Ask Mac, who has made it part of his mission to provide young men in his
neighborhood a second chance. Ninety-five percent of his male employees are exfelons,
including one of his best cooks, who has been in and out of prison for the past
twenty years for various drug offenses and one count of armed robbery. Mac starts them
out at eight dollars an hour and tops them out at fifteen dollars an hour. He has no
shortage of applicants. Mac’s the first one to admit that some of the guys come in with
issues—they aren’t used to getting to work on time, and a lot of them aren’t used to
taking orders from a supervisor—and his turnover can be high.

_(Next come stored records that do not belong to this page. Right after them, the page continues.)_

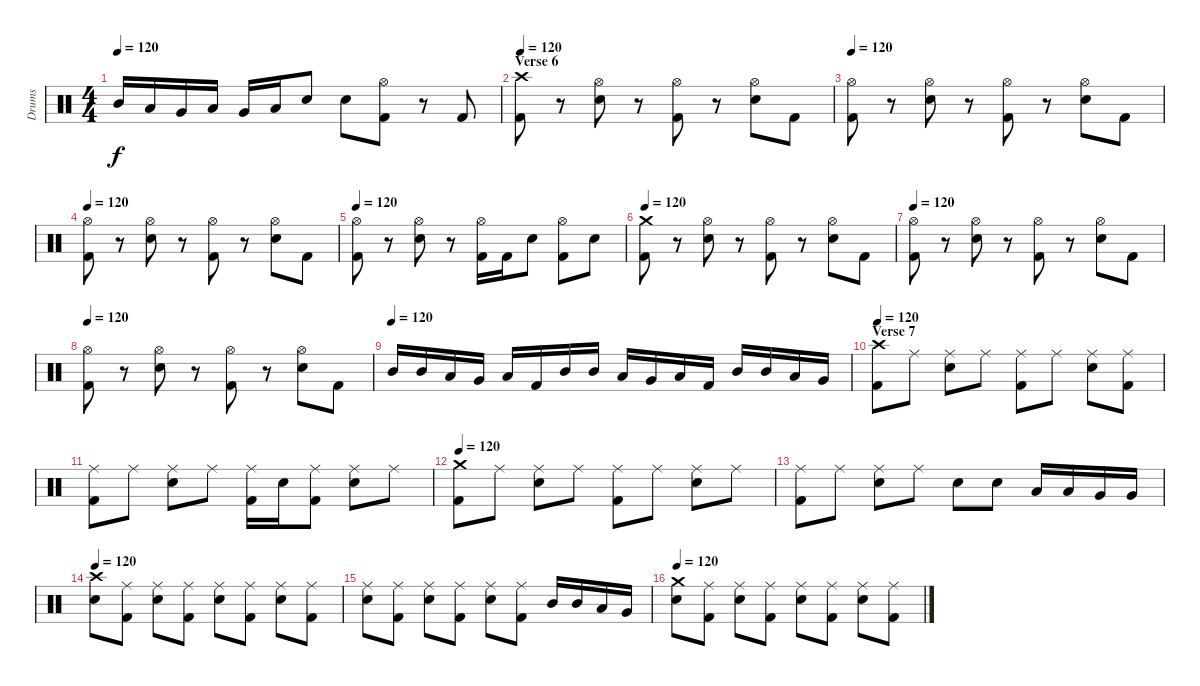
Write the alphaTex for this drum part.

\track ("Drums" "Drums") {instrument percussion}
\staff {score}
\articulation defaults
\ts (4 4)
\tempo 120
\clef neutral
\ks c "Mid Tom (hit)".16{dy f} "Low Tom (hit)".16 "Very Low Tom (hit)".16 "Low Tom (hit)".16 "Very Low Tom (hit)".16 "Low Tom (hit)".16 "Electric Snare (hit)".8 "Electric Snare (hit)".8
("Hi-Hat (open)" "Kick (hit) 2").8 r.8 "Kick (hit) 2".8 |
\section ("" "Verse 6")
\tempo 120
("Crash high (hit)" "Kick (hit) 2").8 r.8 ("Hi-Hat (open)" "Electric Snare (hit)").8 r.8 ("Hi-Hat (open)" "Kick (hit) 2").8 r.8 ("Hi-Hat (open)" "Electric Snare (hit)").8 "Kick (hit) 2".8 |
\tempo 120
("Hi-Hat (open)" "Kick (hit) 2").8 r.8 ("Hi-Hat (open)" "Electric Snare (hit)").8 r.8 ("Hi-Hat (open)" "Kick (hit) 2").8 r.8 ("Hi-Hat (open)" "Electric Snare (hit)").8 "Kick (hit) 2".8 |
\tempo 120
("Hi-Hat (open)" "Kick (hit) 2").8 r.8 ("Hi-Hat (open)" "Electric Snare (hit)").8 r.8 ("Hi-Hat (open)" "Kick (hit) 2").8 r.8 ("Hi-Hat (open)" "Electric Snare (hit)").8 "Kick (hit) 2".8 |
\tempo 120
("Hi-Hat (open)" "Kick (hit) 2").8 r.8 ("Hi-Hat (open)" "Electric Snare (hit)").8 r.8 ("Hi-Hat (open)" "Kick (hit) 2").16 "Kick (hit) 2".16 "Electric Snare (hit)".8 ("Hi-Hat (open)" "Kick (hit) 2").8 "Electric Snare (hit)".8 |
\tempo 120
("Crash medium (hit)" "Kick (hit) 2").8 r.8 ("Hi-Hat (open)" "Electric Snare (hit)").8 r.8 ("Hi-Hat (open)" "Kick (hit) 2").8 r.8 ("Hi-Hat (open)" "Electric Snare (hit)").8 "Kick (hit) 2".8 |
\tempo 120
("Hi-Hat (open)" "Kick (hit) 2").8 r.8 ("Hi-Hat (open)" "Electric Snare (hit)").8 r.8 ("Hi-Hat (open)" "Kick (hit) 2").8 r.8 ("Hi-Hat (open)" "Electric Snare (hit)").8 "Kick (hit) 2".8 |
\tempo 120
("Hi-Hat (open)" "Kick (hit) 2").8 r.8 ("Hi-Hat (open)" "Electric Snare (hit)").8 r.8 ("Hi-Hat (open)" "Kick (hit) 2").8 r.8 ("Hi-Hat (open)" "Electric Snare (hit)").8 "Kick (hit) 2".8 |
\tempo (120)
"Mid Tom (hit)".16 "Mid Tom (hit)".16 "Low Tom (hit)".16 "Very Low Tom (hit)".16 "Low Floor Tom (hit)".16 "Kick (hit) 2".16 "Mid Tom (hit)".16 "Mid Tom (hit)".16 "Low Tom (hit)".16 "Very Low Tom (hit)".16 "Low Floor Tom (hit)".16 "Kick (hit) 2".16 "Mid Tom (hit)".16 "Mid Tom (hit)".16 "Low Tom (hit)".16 "Very Low Tom (hit)".16 |
\section ("" "Verse 7")
\tempo 120
("Crash high (hit)" "Kick (hit) 2").8 "Ride (middle)".8 ("Ride (middle)" "Electric Snare (hit)").8 "Ride (middle)".8 ("Ride (middle)" "Kick (hit) 2").8 "Ride (middle)".8 ("Ride (middle)" "Electric Snare (hit)").8 ("Ride (middle)" "Kick (hit) 2").8 |
("Ride (middle)" "Kick (hit) 2").8 "Ride (middle)".8 ("Ride (middle)" "Electric Snare (hit)").8 "Ride (middle)".8 ("Ride (middle)" "Kick (hit) 2").16 "Electric Snare (hit)".16 ("Ride (middle)" "Kick (hit) 2").8 ("Ride (middle)" "Electric Snare (hit)").8 "Ride (middle)".8 |
\tempo 120
("Crash medium (hit)" "Kick (hit) 2").8 "Ride (middle)".8 ("Ride (middle)" "Electric Snare (hit)").8 "Ride (middle)".8 ("Ride (middle)" "Kick (hit) 2").8 "Ride (middle)".8 ("Ride (middle)" "Electric Snare (hit)").8 "Ride (middle)".8 |
("Ride (middle)" "Kick (hit) 2").8 "Ride (middle)".8 ("Ride (middle)" "Electric Snare (hit)").8 "Ride (middle)".8 "Electric Snare (hit)".8 "Electric Snare (hit)".8 "Low Tom (hit)".16 "Low Tom (hit)".16 "Very Low Tom (hit)".16 "Very Low Tom (hit)".16 |
\tempo 120
("Crash high (hit)" "Electric Snare (hit)").8 ("Ride (middle)" "Kick (hit) 2").8 ("Ride (middle)" "Electric Snare (hit)").8 ("Ride (middle)" "Kick (hit) 2").8 ("Ride (middle)" "Electric Snare (hit)").8 ("Ride (middle)" "Kick (hit) 2").8 ("Ride (middle)" "Electric Snare (hit)").8 ("Ride (middle)" "Kick (hit) 2").8 |
("Ride (middle)" "Electric Snare (hit)").8 ("Ride (middle)" "Kick (hit) 2").8 ("Ride (middle)" "Electric Snare (hit)").8 ("Ride (middle)" "Kick (hit) 2").8 ("Ride (middle)" "Electric Snare (hit)").8 ("Ride (middle)" "Kick (hit) 2").8 "Mid Tom (hit)".16 "Mid Tom (hit)".16 "Low Tom (hit)".16 "Very Low Tom (hit)".16 |
\tempo 120
("Crash medium (hit)" "Electric Snare (hit)").8 ("Ride (middle)" "Kick (hit) 2").8 ("Ride (middle)" "Electric Snare (hit)").8 ("Ride (middle)" "Kick (hit) 2").8 ("Ride (middle)" "Electric Snare (hit)").8 ("Ride (middle)" "Kick (hit) 2").8 ("Ride (middle)" "Electric Snare (hit)").8 ("Ride (middle)" "Kick (hit) 2").8

But by not accepting
excuses from the young men he employs (“I tell them I got a business to run, and if they
don’t want the job I got other folks who do”), he finds that most are quick to adapt.
Over time they become accustomed to the rhythms of ordinary life: sticking to
schedules, working as part of a team, carrying their weight. They start talking about
getting their GEDs, maybe enrolling in the local community college.
They begin to aspire to something better.